As pioneers in applying NLP in the insurance industry, we face many unique challenges that arise from the integration of NLP and medical information like the variety of writing-styles of different physicians and the amount of information in each case.

This article focuses on the fascinating solution we’ve developed for understanding the context of words in a medical document: Analyzing the position of words in the document.

The meaning of the position of words in a sentence:

The order of words in the sentence matter. Different orders of the same words generate different meanings. The set of words: I / Like / Do / Not / Why / Trips can have a positive or negative meaning when you change the orders of the words:

"Why do I not like trips?" -Vs.- "I do like trips, why not?"

Imagine that you come home after a long working day, and your partner says "You seem to have gone through a hard day, you deserve a long rest," but the words are mixed, and instead you hear "You seem to have gone through a long day of rest, you deserve hard work."

In all NLP tasks, the form in which the text is analyzed is in the form of a sequence. That means that every word has a number. The computer goes through the text line by line without considering the page structure at all.
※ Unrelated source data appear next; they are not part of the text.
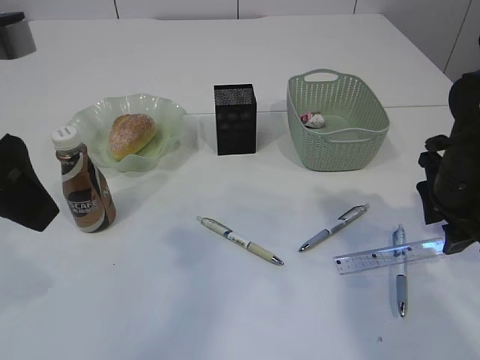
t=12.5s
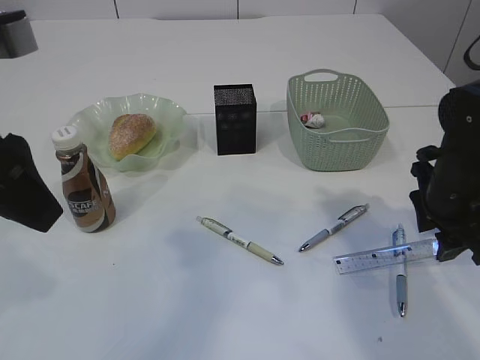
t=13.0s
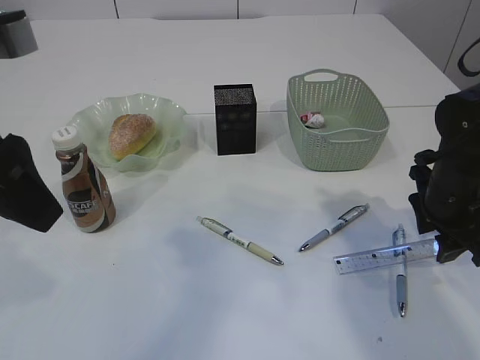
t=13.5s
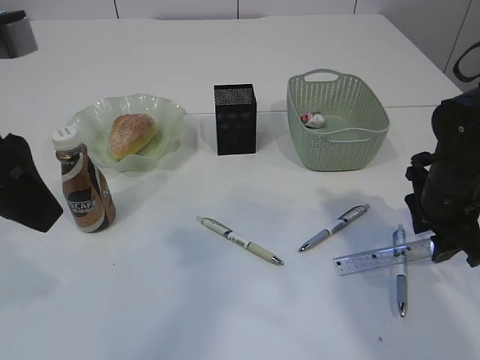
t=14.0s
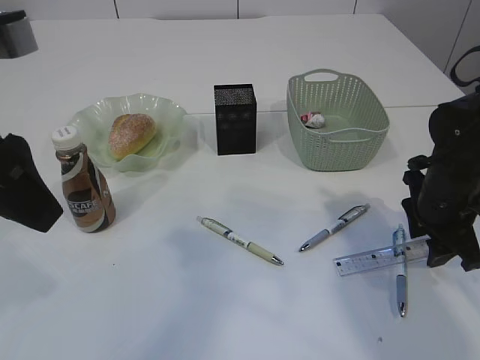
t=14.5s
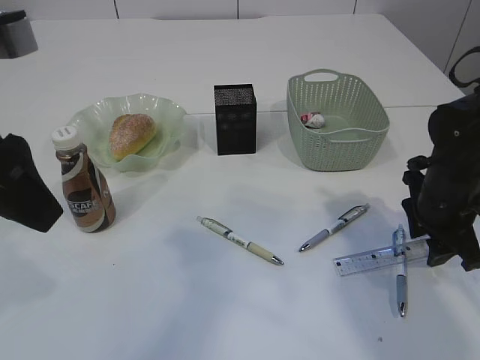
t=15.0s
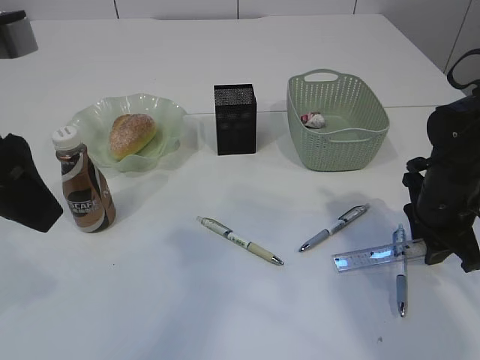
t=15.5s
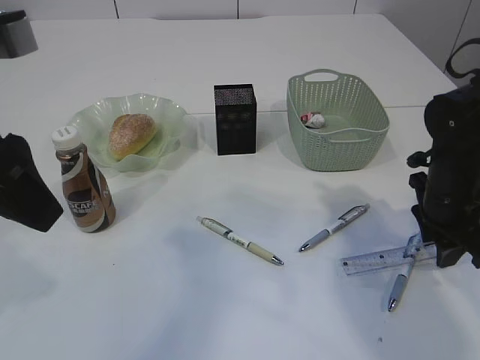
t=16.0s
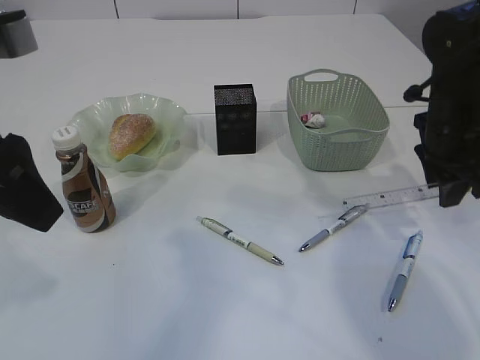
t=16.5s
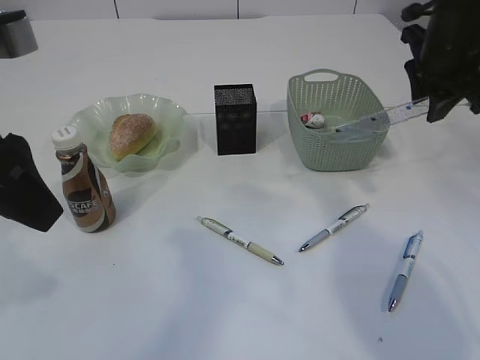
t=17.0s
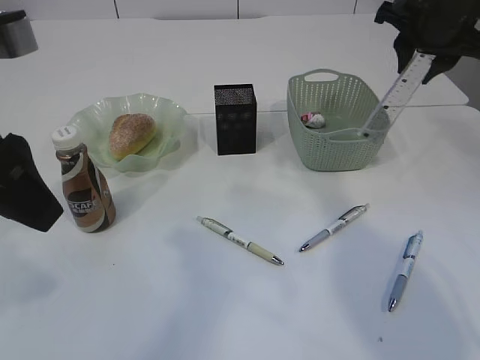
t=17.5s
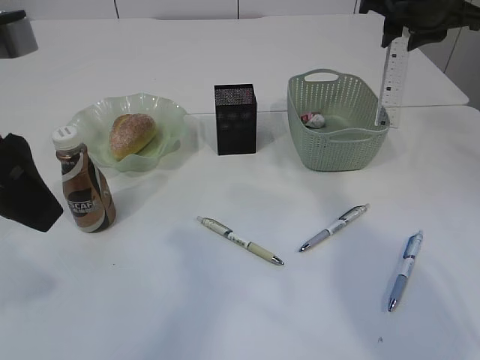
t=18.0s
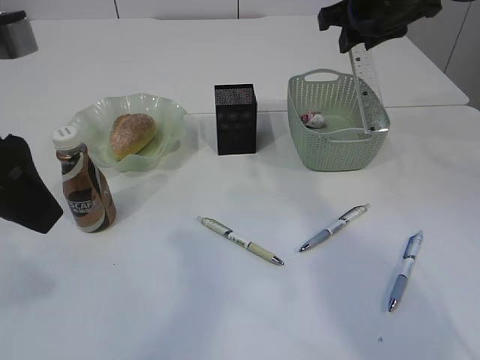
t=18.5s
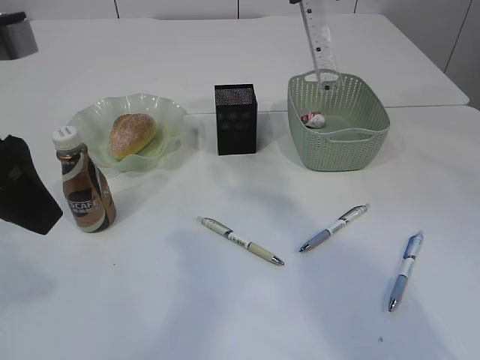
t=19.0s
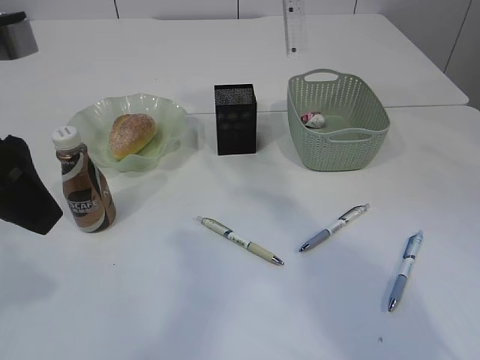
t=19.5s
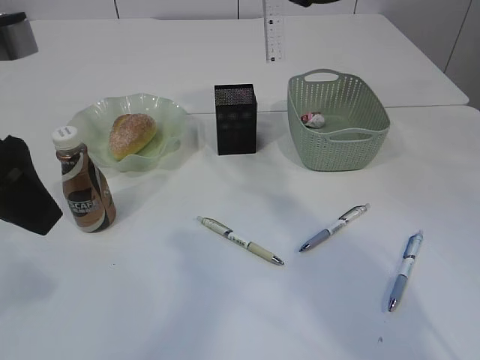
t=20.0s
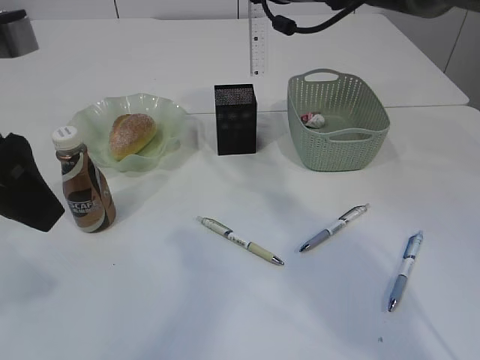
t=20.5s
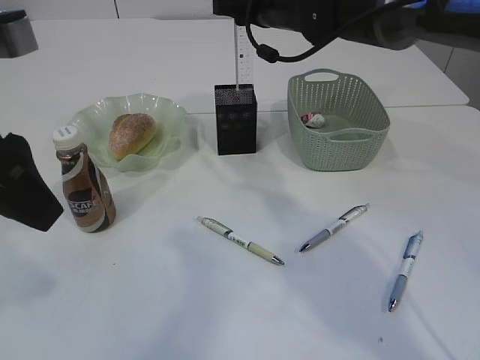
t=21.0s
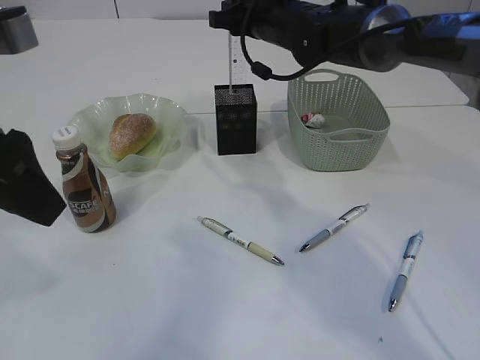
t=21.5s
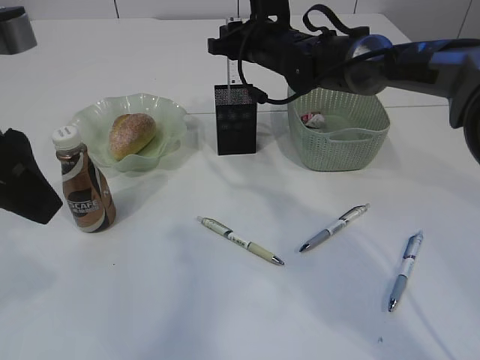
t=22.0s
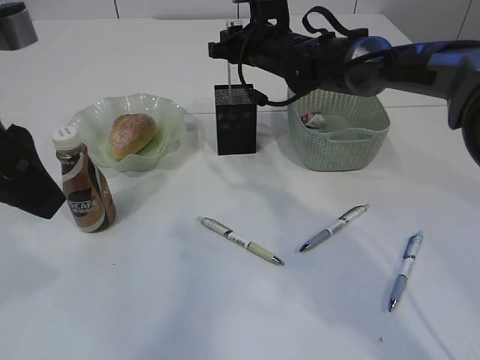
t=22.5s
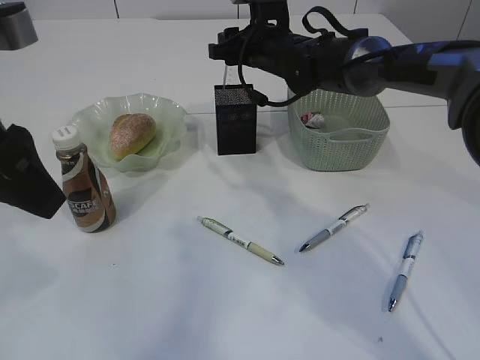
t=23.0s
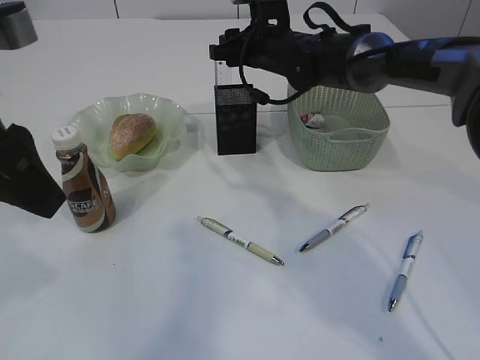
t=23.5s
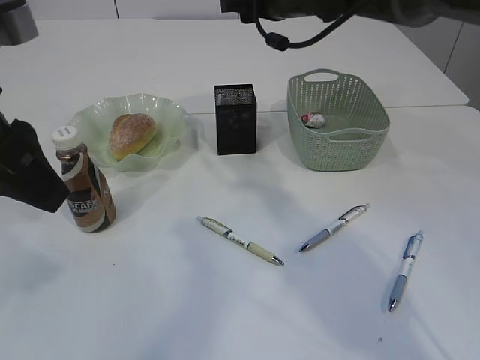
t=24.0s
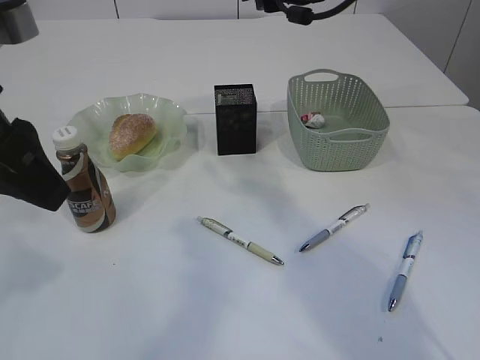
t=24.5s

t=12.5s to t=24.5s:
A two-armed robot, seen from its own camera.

The meaning of the position of words on the page:

To understand the text, mainstream NLP models index each word using a simple sequence. For example, the top left word is “1”, the next word to the right is “2”, and so forth, line by line.

But this isn’t good enough. As humans, when we read a document, we not only scan the text from left to right, but our brain also directs us to "strategic" places on the page, searching for familiar patterns.

For example, in medical records, the date in one of the top corners of the page is usually the visit date (even if there are few dates in the text), and the name in the top right corner is often the hospital name.

That's why we've developed a unique model, which is aware of the locations of the words on the page. Let's say you have a page with two lists of medical findings:

As we mentioned, one way to process the words is to index them by sequence from left to right.

The results of this processing method will be that the model gets this input:

NLP models index each word using a simple sequence.

And in this way, how can the models possibly know if Anamnesis (12) is an existing or non-existent condition?

Our solution is to enter all the information to the model:

With DigitalOwl's AI, every word is coordinated in space.

In this way, every word is coordinated in space. The word “Hand” gets the coordinate (20, 14), and “Anamnesis” gets (28, 57). In this way, the model gets the full structure of this page, and can easily say that Anamnesis is a non-existent condition.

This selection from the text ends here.